I think that TiVo have done pretty well considering. I'm disappointed that non-cable customers are being abandoned and think that shows TiVo corp have a tenuous grip of business reality (again!) as I think a freeview + freesat multi tuner TiVo sold with a monthly sub would, with good marketing, probably clean up in the PVR market even now.


----------



## LarryDavid (Jan 4, 2007)

FJSRiDER said:


> Yeah, probably was.
> 
> I think that TiVo have done pretty well considering. I'm disappointed that non-cable customers are being abandoned and think that shows TiVo corp have a tenuous grip of business reality (again!) as I think a freeview + freesat multi tuner TiVo sold with a monthly sub would, with good marketing, probably clean up in the PVR market even now.


Seconded. I'd buy that in a heartbeat. As it is I'm having to make do with a second hand ebayed SKY+ box for a bit, then eventually switch to a Freesat PVR (Probably a Humax Foxsat HDR).


----------



## chrishamblin (Jul 27, 2010)

spitfires said:


> ^ I don't think it was aimed at you - it was aimed at those people who have deliberately broken their side of the contract yet are still demanding that TiVo honour it from _their_ side!


Spot on mate.

I also agree that if TiVo did make a FreeSat / FreeView box they'd sell like hot cakes (Once people worked out why it was better than anything else).

I feel that a Humax HD FreeSat box is waiting for me in the not too distant future.

If interested, have a look at* humaxdirect.com*. They seem to have good deals, and a 2 year in home warranty.


----------



## orangeboy (Apr 19, 2004)

chrishamblin said:


> I also agree that if TiVo did make a FreeSat / FreeView box they'd sell like hot cakes (Once people worked out why it was better than anything else).

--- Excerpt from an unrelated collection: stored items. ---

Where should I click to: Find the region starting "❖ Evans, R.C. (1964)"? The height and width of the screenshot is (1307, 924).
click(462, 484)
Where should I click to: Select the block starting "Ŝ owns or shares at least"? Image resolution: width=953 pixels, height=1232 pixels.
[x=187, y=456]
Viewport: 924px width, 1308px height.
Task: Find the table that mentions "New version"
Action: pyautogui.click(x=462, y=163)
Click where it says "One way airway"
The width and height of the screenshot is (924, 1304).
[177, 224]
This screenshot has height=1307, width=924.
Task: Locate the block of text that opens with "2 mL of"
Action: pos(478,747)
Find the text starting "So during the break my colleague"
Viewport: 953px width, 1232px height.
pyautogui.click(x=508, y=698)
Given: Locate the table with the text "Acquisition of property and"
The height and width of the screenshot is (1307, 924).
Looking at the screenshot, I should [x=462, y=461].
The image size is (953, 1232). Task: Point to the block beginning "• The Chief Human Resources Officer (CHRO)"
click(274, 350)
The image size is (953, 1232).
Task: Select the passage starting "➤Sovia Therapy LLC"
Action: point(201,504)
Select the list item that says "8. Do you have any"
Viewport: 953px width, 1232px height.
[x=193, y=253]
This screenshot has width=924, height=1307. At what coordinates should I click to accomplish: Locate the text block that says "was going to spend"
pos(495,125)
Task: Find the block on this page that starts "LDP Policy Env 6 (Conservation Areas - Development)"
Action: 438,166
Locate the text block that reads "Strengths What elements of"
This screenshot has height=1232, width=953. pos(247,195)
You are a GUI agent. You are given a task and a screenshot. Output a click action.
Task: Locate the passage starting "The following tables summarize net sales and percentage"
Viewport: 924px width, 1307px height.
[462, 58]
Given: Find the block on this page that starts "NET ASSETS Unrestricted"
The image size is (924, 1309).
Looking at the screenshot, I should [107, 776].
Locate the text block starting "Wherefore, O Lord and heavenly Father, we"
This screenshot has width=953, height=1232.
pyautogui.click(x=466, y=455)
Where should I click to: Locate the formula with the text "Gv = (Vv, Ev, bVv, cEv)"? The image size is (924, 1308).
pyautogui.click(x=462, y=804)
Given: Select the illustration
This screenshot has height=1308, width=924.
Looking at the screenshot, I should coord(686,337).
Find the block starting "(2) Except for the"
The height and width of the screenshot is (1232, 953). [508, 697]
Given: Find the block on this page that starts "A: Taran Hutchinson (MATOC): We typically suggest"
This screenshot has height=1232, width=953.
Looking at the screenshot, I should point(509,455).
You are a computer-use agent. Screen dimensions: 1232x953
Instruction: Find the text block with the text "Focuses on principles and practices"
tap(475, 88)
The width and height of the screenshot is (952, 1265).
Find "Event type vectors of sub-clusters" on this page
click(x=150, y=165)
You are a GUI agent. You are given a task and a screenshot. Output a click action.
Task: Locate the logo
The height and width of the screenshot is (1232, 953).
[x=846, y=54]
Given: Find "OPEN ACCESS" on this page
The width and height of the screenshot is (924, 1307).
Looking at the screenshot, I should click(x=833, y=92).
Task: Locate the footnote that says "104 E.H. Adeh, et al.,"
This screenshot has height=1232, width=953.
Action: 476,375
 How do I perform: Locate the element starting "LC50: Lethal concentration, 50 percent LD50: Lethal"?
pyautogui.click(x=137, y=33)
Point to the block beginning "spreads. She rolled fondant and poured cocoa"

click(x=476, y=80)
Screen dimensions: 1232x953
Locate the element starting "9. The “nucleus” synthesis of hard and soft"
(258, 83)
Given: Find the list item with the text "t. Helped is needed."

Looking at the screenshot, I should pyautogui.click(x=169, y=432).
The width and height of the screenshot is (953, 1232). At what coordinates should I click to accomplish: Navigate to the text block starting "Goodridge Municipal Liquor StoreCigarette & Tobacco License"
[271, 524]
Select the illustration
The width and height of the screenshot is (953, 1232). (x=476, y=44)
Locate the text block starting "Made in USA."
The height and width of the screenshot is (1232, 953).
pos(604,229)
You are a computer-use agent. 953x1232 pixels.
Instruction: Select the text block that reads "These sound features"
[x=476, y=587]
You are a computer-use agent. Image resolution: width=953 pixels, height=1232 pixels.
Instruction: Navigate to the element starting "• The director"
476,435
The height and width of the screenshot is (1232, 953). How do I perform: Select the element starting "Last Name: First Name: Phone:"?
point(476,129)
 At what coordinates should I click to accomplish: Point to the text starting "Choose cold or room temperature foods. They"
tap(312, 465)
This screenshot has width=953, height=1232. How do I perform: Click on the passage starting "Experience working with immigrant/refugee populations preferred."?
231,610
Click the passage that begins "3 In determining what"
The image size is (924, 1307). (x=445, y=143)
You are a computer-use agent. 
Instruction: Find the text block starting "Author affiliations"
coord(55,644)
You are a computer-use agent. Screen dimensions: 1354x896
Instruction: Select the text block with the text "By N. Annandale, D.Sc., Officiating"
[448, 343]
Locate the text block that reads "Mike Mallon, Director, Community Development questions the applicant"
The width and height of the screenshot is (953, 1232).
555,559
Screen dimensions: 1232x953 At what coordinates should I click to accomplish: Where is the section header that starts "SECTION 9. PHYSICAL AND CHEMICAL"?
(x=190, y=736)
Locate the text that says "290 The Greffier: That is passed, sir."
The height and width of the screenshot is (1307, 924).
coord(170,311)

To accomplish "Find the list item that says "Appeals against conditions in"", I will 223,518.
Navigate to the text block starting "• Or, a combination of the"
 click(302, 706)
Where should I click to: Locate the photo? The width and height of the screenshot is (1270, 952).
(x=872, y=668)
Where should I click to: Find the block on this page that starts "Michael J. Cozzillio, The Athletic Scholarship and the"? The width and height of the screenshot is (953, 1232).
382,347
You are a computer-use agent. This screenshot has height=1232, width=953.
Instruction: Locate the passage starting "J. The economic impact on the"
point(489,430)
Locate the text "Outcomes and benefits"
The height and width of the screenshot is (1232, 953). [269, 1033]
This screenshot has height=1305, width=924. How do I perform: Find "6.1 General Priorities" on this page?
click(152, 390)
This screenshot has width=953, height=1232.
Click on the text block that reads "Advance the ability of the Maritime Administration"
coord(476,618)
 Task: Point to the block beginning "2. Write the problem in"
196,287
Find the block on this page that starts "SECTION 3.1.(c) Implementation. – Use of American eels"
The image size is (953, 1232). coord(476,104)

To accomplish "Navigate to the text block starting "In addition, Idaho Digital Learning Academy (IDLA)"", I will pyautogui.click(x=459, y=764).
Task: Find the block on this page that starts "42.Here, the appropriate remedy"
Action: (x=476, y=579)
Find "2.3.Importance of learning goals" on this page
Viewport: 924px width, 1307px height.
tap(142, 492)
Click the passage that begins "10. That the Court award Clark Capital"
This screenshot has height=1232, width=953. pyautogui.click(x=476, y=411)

Not to rehash something that may have already been discussed, but it looks like Virgin Media quashed any chance of TiVo producing a box for anything/anyone other than Virgin. From the TiVo/Virgin press release:



> ...Under the _mutually exclusive_ agreement, TiVo will develop a converged television and broadband interactive interface to power Virgin Media's next generation, high definition set top boxes...


It could be a decision TiVo will later regret.


----------



## Trinitron (Jan 20, 2003)

FJSRiDER said:


> If I can hack it again and keep it going I will, I have no interest whatsoever in the legalities in any 'contract' once TiVo have decided that they are no longer interested in supporting the system.


If only others had the same attitude. Some appear to think that contracts only work one way.


----------



## cwaring (Feb 12, 2002)

chrishamblin said:


> I also agree that if TiVo did make a FreeSat / FreeView box they'd sell like hot cakes (Once people worked out why it was better than anything else).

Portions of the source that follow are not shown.